If I add the following guard condition to (*OIDCKeys).Open, it looks like it will filter the key set items down to just those that contain a certificate for the common name "service-account":

        if item.Certificate == nil || item.Certificate.Subject.CommonName != "service-account" {
            continue
        }

Does that preserve all the items that this method was expecting to consume?

seh commented 2 years ago

Note that the kops get keypairs subcommand fails similarly, due to assuming that every key set item contains an X.509 certificate.

% kops get keypairs
panic: runtime error: invalid memory address or nil pointer dereference
[signal SIGSEGV: segmentation violation code=0x1 addr=0x100 pc=0x42a9788]

goroutine 1 [running]:
main.listKeypairs({0x5c80b38?, 0xc00066d620?}, {0x7dfba58, 0x0, 0x25?}, 0x0)
        k8s.io/kops/cmd/kops/get_keypairs.go:127 +0x2e8
main.RunGetKeypairs({0x5c7d260, 0xc0000520e8}, {0x5c61a80?, 0xc000c09080?}, {0x5c639c0?, 0xc00000e018?}, 0xc0008b6270)
        k8s.io/kops/cmd/kops/get_keypairs.go:174 +0xf8
main.NewCmdGetKeypairs.func3(0xc000e65680?, {0x7dfba58?, 0x0?, 0x0?})
        k8s.io/kops/cmd/kops/get_keypairs.go:78 +0x3e
github.com/spf13/cobra.(*Command).execute(0xc000e65680, {0x7dfba58, 0x0, 0x0})
        github.com/spf13/cobra@v1.5.0/command.go:872 +0x694
github.com/spf13/cobra.(*Command).ExecuteC(0x7da7c00)
        github.com/spf13/cobra@v1.5.0/command.go:990 +0x3b4
github.com/spf13/cobra.(*Command).Execute(...)
        github.com/spf13/cobra@v1.5.0/command.go:918
main.Execute()
        k8s.io/kops/cmd/kops/root.go:95 +0x5c
main.main()
        k8s.io/kops/cmd/kops/main.go:20 +0x17
hakman commented 2 years ago

@seh Would you like to continue to iterate on the fix?

seh commented 2 years ago

Would you like to continue to iterate on the fix?

Yes, though it would help to hear whether or not these entries that lack certificates are valid.
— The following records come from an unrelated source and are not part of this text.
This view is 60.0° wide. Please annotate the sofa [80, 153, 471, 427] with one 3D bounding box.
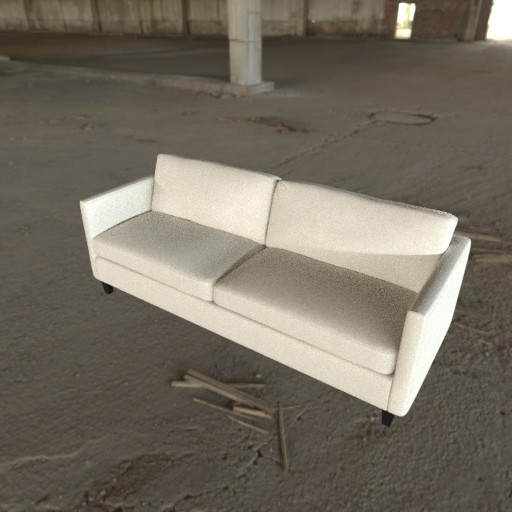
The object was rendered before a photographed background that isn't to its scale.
[{"bbox_3d":[0.000,0.000,2.967,2.434,0.965,0.948,18,34,29],"label":"sofa"}]
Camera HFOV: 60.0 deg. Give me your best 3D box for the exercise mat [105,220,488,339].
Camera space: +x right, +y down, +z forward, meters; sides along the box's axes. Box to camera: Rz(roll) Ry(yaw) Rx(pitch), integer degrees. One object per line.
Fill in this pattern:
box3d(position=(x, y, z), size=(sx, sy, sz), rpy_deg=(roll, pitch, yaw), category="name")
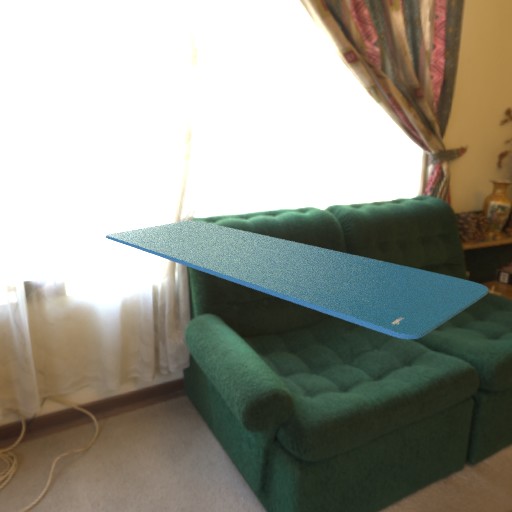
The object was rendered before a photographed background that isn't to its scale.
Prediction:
box3d(position=(0.000, 0.000, 2.070), size=(0.616, 0.021, 1.869), rpy_deg=(-15, 21, -43), category="exercise mat")
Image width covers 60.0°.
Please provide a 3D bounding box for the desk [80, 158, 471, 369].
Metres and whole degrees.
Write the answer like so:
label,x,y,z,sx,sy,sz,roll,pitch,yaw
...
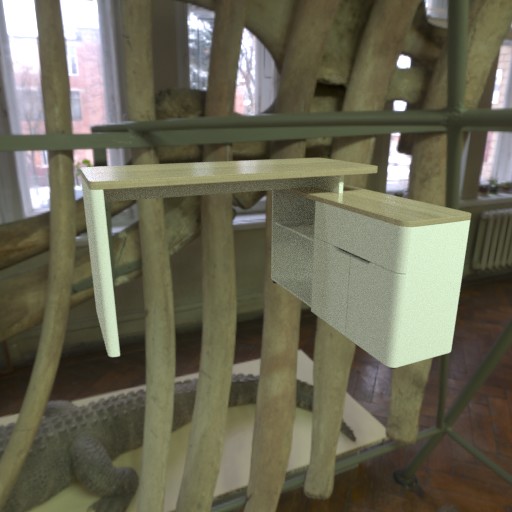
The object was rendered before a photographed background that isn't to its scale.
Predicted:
label,x,y,z,sx,sy,sz,roll,pitch,yaw
desk,0.000,0.000,2.084,1.400,0.770,1.175,-8,19,-23
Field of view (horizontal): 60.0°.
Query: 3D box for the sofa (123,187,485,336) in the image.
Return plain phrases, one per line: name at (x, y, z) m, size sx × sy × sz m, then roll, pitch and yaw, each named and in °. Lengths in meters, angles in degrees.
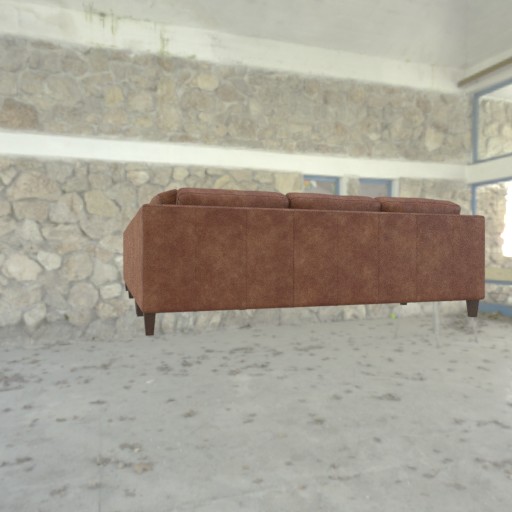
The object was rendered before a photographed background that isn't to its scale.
sofa at (0.000, 0.000, 4.430) m, size 2.452 × 0.888 × 3.324 m, roll 0°, pitch 0°, yaw -18°
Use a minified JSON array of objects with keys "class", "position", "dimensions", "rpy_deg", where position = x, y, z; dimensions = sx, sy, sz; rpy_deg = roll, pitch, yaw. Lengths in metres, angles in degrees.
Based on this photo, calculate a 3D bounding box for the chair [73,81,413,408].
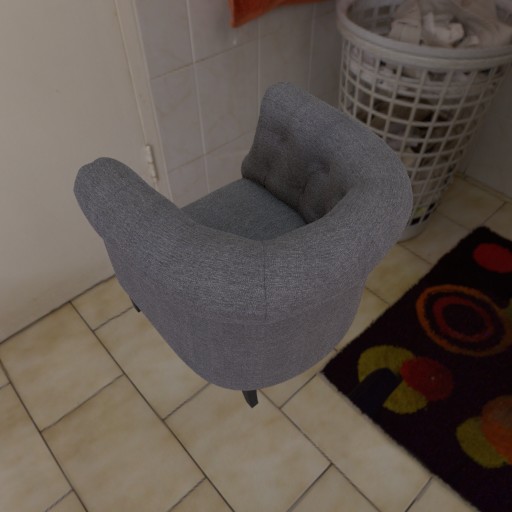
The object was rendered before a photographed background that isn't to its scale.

Can kOps use them for anything? Should I ignore them as if they were distrusted?

olemarkus commented 2 years ago

Ignore them as distrusted, but list them and make them deletable, I would say.

johngmyers commented 2 years ago

I guess I didn't research far back enough in the history of the keystore code.

kOps can't use a private key without a certificate for anything unless/until it generates a corresponding certificate. (Though for service-account keypairs the only part of the certificate it uses is the public key.)

These days all code paths that create a key also create a corresponding certificate. I would agree that keys without certificates should be ignored as if distrusted.

olemarkus commented 2 years ago

As this is not a regression or something that breaks things for a lot of users, I removed the blocks-next label.